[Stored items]
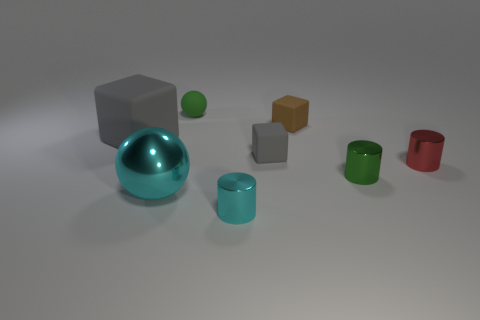Can you describe the colors of the objects in the image? Certainly! There's a variety of colors visible among the objects: a grey cube, a shiny turquoise sphere, a green sphere, an orange cube, a red cylinder, and two smaller objects, one teal and one green cylinder. 
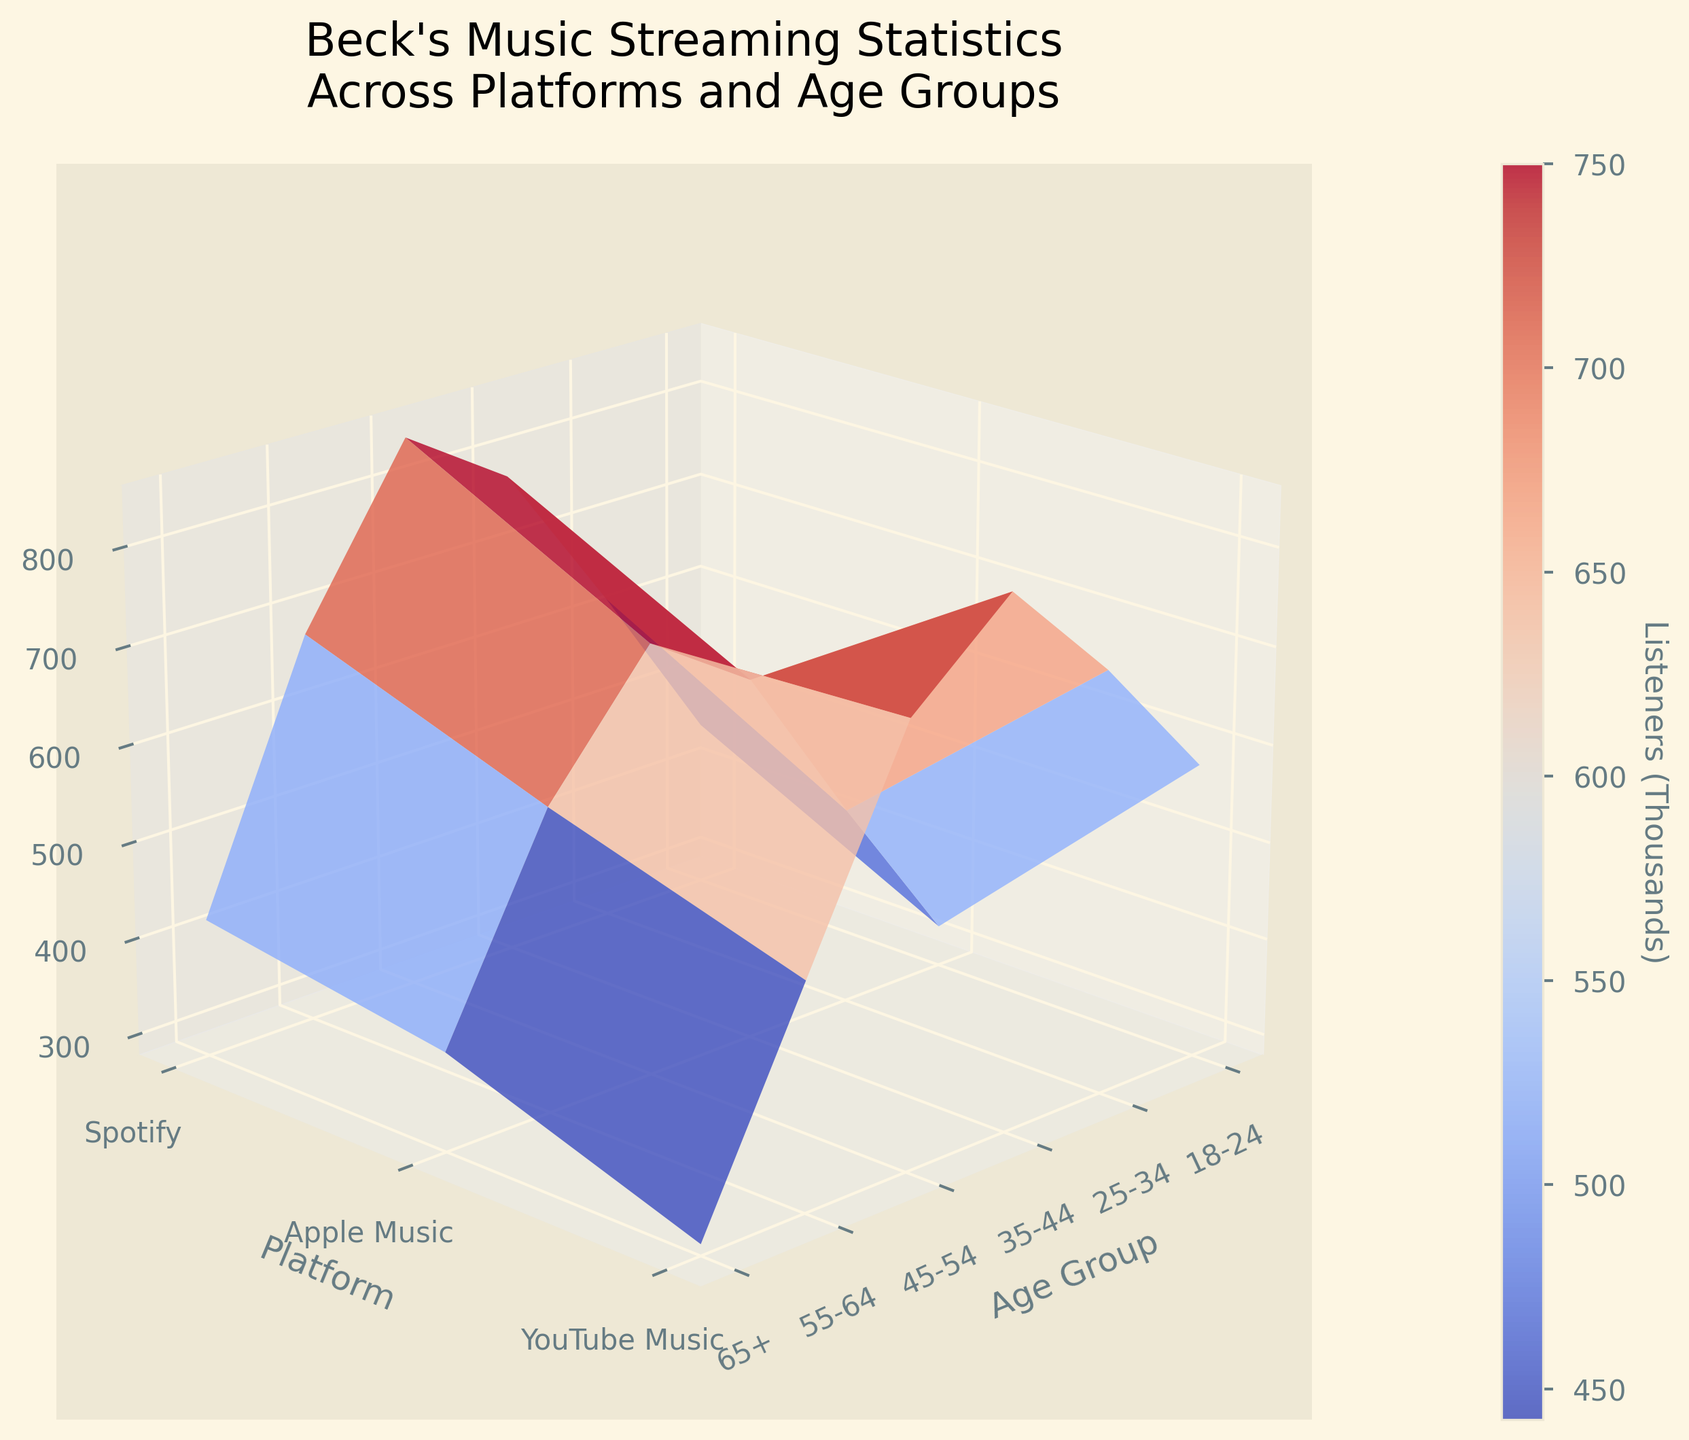What is the title of the plot? The title of the plot is written at the top of the figure. It usually summarizes the main topic or findings the plot represents. In this case, you'll see the title as "Beck's Music Streaming Statistics Across Platforms and Age Groups".
Answer: Beck's Music Streaming Statistics Across Platforms and Age Groups Which age group has the highest number of listeners on Spotify? To determine this, look at the peak values on the Spotify axis (labeled by the 'Platform' axis) and find the highest point. Checking the values for each age group, the 45-54 age group has the highest number, around 850,000 listeners.
Answer: 45-54 Which platform has the least listeners in the 65+ age group? Look at the end of the age group axis for 65+ and compare the heights of the respective platforms. The data shows 290,000 for YouTube Music, which is the smallest number.
Answer: YouTube Music What is the combined number of listeners for the 25-34 age group across all platforms? Add the number of listeners for the 25-34 age group from each platform: 620,000 (Spotify) + 480,000 (Apple Music) + 710,000 (YouTube Music). This sums up to 1,810,000.
Answer: 1,810,000 How does YouTube Music's listener count in the 35-44 age group compare to Apple Music's in the same group? Compare the heights of the surface plot for the 35-44 age group for both platforms. YouTube Music has 820,000 listeners, while Apple Music has 650,000. YouTube Music has more.
Answer: YouTube Music has more What is the average number of listeners across all platforms for the 45-54 age group? Add the number of listeners for each platform in the 45-54 age group and then divide by the number of platforms: (850,000 + 720,000 + 730,000) / 3. This results in 2,300,000 / 3 ≈ 766,667 listeners.
Answer: Approximately 766,667 Between which age groups does Spotify see a noticeable decline in the number of listeners? Observe the trend of the surface plot in the Spotify axis. The largest decline happens between the 45-54 and 55-64 age groups, from 850,000 to 680,000 listeners.
Answer: 45-54 to 55-64 Is the number of Apple Music listeners higher or lower than Spotify in the 35-44 age group? Compare the heights of the two platforms for the 35-44 age group. Apple Music has 650,000 listeners, while Spotify has 780,000 listeners, so Apple Music is lower.
Answer: Lower What seems to be the most popular platform among the 18-24 age group? Look at the surface heights for each platform in the 18-24 age group. YouTube Music is the highest, with 580,000 listeners.
Answer: YouTube Music From the plot, do older age groups (65+) prefer Spotify over Apple Music or vice versa? Compare the surface heights for the 65+ age group. Spotify has 420,000, while Apple Music has 380,000. Hence, older age groups prefer Spotify slightly more.
Answer: Spotify 
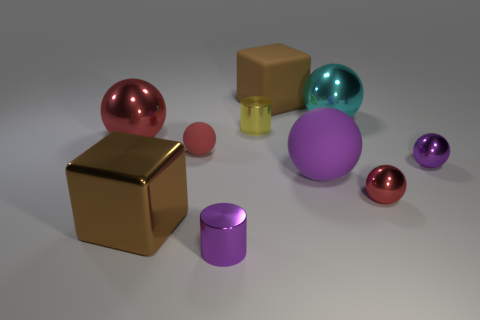There is another big block that is the same color as the big shiny cube; what is its material?
Offer a very short reply. Rubber. Are there any other cubes that have the same color as the large metal cube?
Your response must be concise. Yes. What shape is the tiny rubber thing?
Ensure brevity in your answer.  Sphere. What color is the big matte object behind the large thing to the left of the brown shiny cube?
Offer a terse response. Brown. There is a cylinder that is left of the yellow shiny thing; what is its size?
Make the answer very short. Small. Are there any cyan spheres made of the same material as the yellow cylinder?
Your answer should be compact. Yes. What number of cyan metallic objects are the same shape as the big brown matte object?
Keep it short and to the point. 0. The red metallic thing that is on the right side of the metallic cylinder in front of the red sphere that is behind the red rubber sphere is what shape?
Give a very brief answer. Sphere. There is a small object that is both in front of the large purple rubber object and left of the cyan sphere; what is its material?
Keep it short and to the point. Metal. Do the metal ball on the left side of the matte cube and the big rubber ball have the same size?
Your answer should be compact. Yes. 
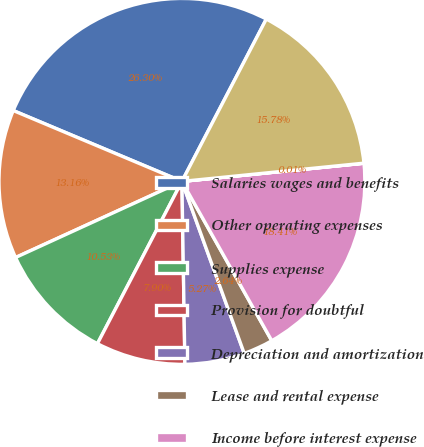<chart> <loc_0><loc_0><loc_500><loc_500><pie_chart><fcel>Salaries wages and benefits<fcel>Other operating expenses<fcel>Supplies expense<fcel>Provision for doubtful<fcel>Depreciation and amortization<fcel>Lease and rental expense<fcel>Income before interest expense<fcel>Interest expense net<fcel>Income before income taxes<nl><fcel>26.3%<fcel>13.16%<fcel>10.53%<fcel>7.9%<fcel>5.27%<fcel>2.64%<fcel>18.41%<fcel>0.01%<fcel>15.78%<nl></chart> 
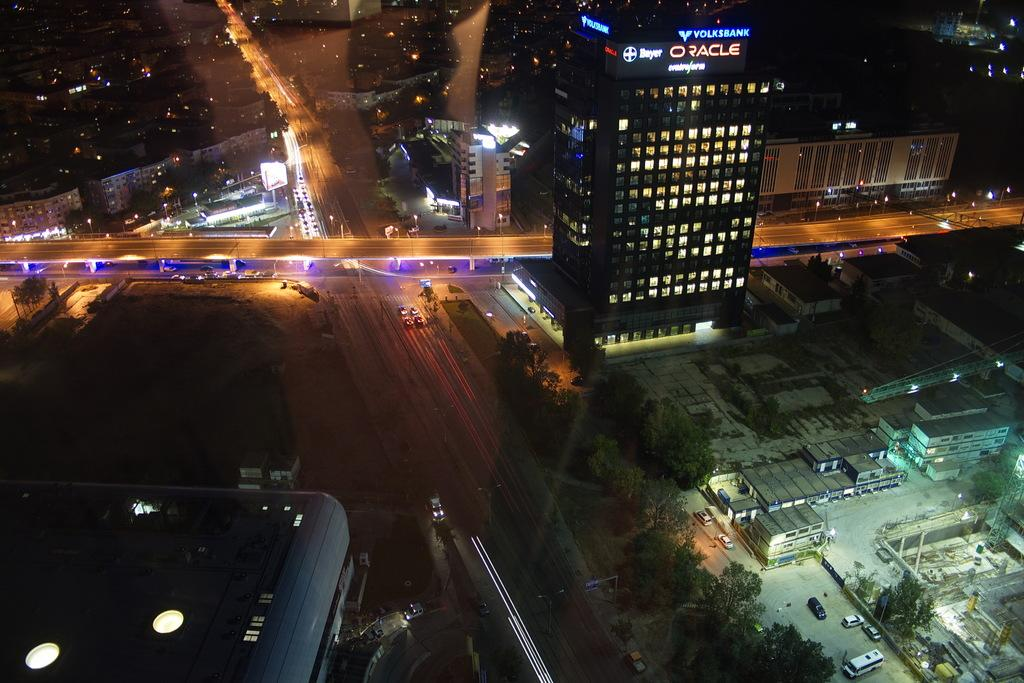What type of meeting is taking place in the image? There is no meeting present in the image; it features buildings, lights, trees, and vehicles on roads. What type of division can be seen in the image? There is no division present in the image; it shows a scene with buildings, lights, trees, and vehicles on roads. What thought is being expressed by the trees in the image? Trees do not have the ability to express thoughts, and there is no indication of any thought being expressed in the image. What type of division can be seen in the image? There is no division present in the image; it shows a scene with buildings, lights, trees, and vehicles on roads.

### TASK DIRECTIONS
Hand back the data exactly as it appears, with all pictures cut.

### TASK SOLUTION
Can you describe the colors of the objects in the image? Certainly! There's a variety of colors visible among the objects: a grey cube, a shiny turquoise sphere, a green sphere, an orange cube, a red cylinder, and two smaller objects, one teal and one green cylinder. 
What is the title of the plot? The title of the plot is written at the top of the figure. It usually summarizes the main topic or findings the plot represents. In this case, you'll see the title as "Beck's Music Streaming Statistics Across Platforms and Age Groups".
Answer: Beck's Music Streaming Statistics Across Platforms and Age Groups Which age group has the highest number of listeners on Spotify? To determine this, look at the peak values on the Spotify axis (labeled by the 'Platform' axis) and find the highest point. Checking the values for each age group, the 45-54 age group has the highest number, around 850,000 listeners.
Answer: 45-54 Which platform has the least listeners in the 65+ age group? Look at the end of the age group axis for 65+ and compare the heights of the respective platforms. The data shows 290,000 for YouTube Music, which is the smallest number.
Answer: YouTube Music What is the combined number of listeners for the 25-34 age group across all platforms? Add the number of listeners for the 25-34 age group from each platform: 620,000 (Spotify) + 480,000 (Apple Music) + 710,000 (YouTube Music). This sums up to 1,810,000.
Answer: 1,810,000 How does YouTube Music's listener count in the 35-44 age group compare to Apple Music's in the same group? Compare the heights of the surface plot for the 35-44 age group for both platforms. YouTube Music has 820,000 listeners, while Apple Music has 650,000. YouTube Music has more.
Answer: YouTube Music has more What is the average number of listeners across all platforms for the 45-54 age group? Add the number of listeners for each platform in the 45-54 age group and then divide by the number of platforms: (850,000 + 720,000 + 730,000) / 3. This results in 2,300,000 / 3 ≈ 766,667 listeners.
Answer: Approximately 766,667 Between which age groups does Spotify see a noticeable decline in the number of listeners? Observe the trend of the surface plot in the Spotify axis. The largest decline happens between the 45-54 and 55-64 age groups, from 850,000 to 680,000 listeners.
Answer: 45-54 to 55-64 Is the number of Apple Music listeners higher or lower than Spotify in the 35-44 age group? Compare the heights of the two platforms for the 35-44 age group. Apple Music has 650,000 listeners, while Spotify has 780,000 listeners, so Apple Music is lower.
Answer: Lower What seems to be the most popular platform among the 18-24 age group? Look at the surface heights for each platform in the 18-24 age group. YouTube Music is the highest, with 580,000 listeners.
Answer: YouTube Music From the plot, do older age groups (65+) prefer Spotify over Apple Music or vice versa? Compare the surface heights for the 65+ age group. Spotify has 420,000, while Apple Music has 380,000. Hence, older age groups prefer Spotify slightly more.
Answer: Spotify 
There is another big block that is the same color as the big shiny cube; what is its material?
Offer a very short reply. Rubber. Are there any other cubes that have the same color as the large metal cube?
Your response must be concise. Yes. What shape is the tiny rubber thing?
Ensure brevity in your answer.  Sphere. What color is the big matte object behind the large thing to the left of the brown shiny cube?
Offer a terse response. Brown. There is a cylinder that is left of the yellow shiny thing; what is its size?
Make the answer very short. Small. Are there any cyan spheres made of the same material as the yellow cylinder?
Your answer should be compact. Yes. What number of cyan metallic objects are the same shape as the big brown matte object?
Keep it short and to the point. 0. The red metallic thing that is on the right side of the metallic cylinder in front of the red sphere that is behind the red rubber sphere is what shape?
Give a very brief answer. Sphere. There is a small object that is both in front of the large purple rubber object and left of the cyan sphere; what is its material?
Keep it short and to the point. Metal. Do the metal ball on the left side of the matte cube and the big rubber ball have the same size?
Your answer should be compact. Yes. 
<chart> <loc_0><loc_0><loc_500><loc_500><pie_chart><fcel>Salaries wages and benefits<fcel>Other operating expenses<fcel>Supplies expense<fcel>Provision for doubtful<fcel>Depreciation and amortization<fcel>Lease and rental expense<fcel>Income before interest expense<fcel>Interest expense net<fcel>Income before income taxes<nl><fcel>26.3%<fcel>13.16%<fcel>10.53%<fcel>7.9%<fcel>5.27%<fcel>2.64%<fcel>18.41%<fcel>0.01%<fcel>15.78%<nl></chart> 
What type of meeting is taking place in the image? There is no meeting present in the image; it features buildings, lights, trees, and vehicles on roads. What type of division can be seen in the image? There is no division present in the image; it shows a scene with buildings, lights, trees, and vehicles on roads. What thought is being expressed by the trees in the image? Trees do not have the ability to express thoughts, and there is no indication of any thought being expressed in the image. What type of division can be seen in the image? There is no division present in the image; it shows a scene with buildings, lights, trees, and vehicles on roads.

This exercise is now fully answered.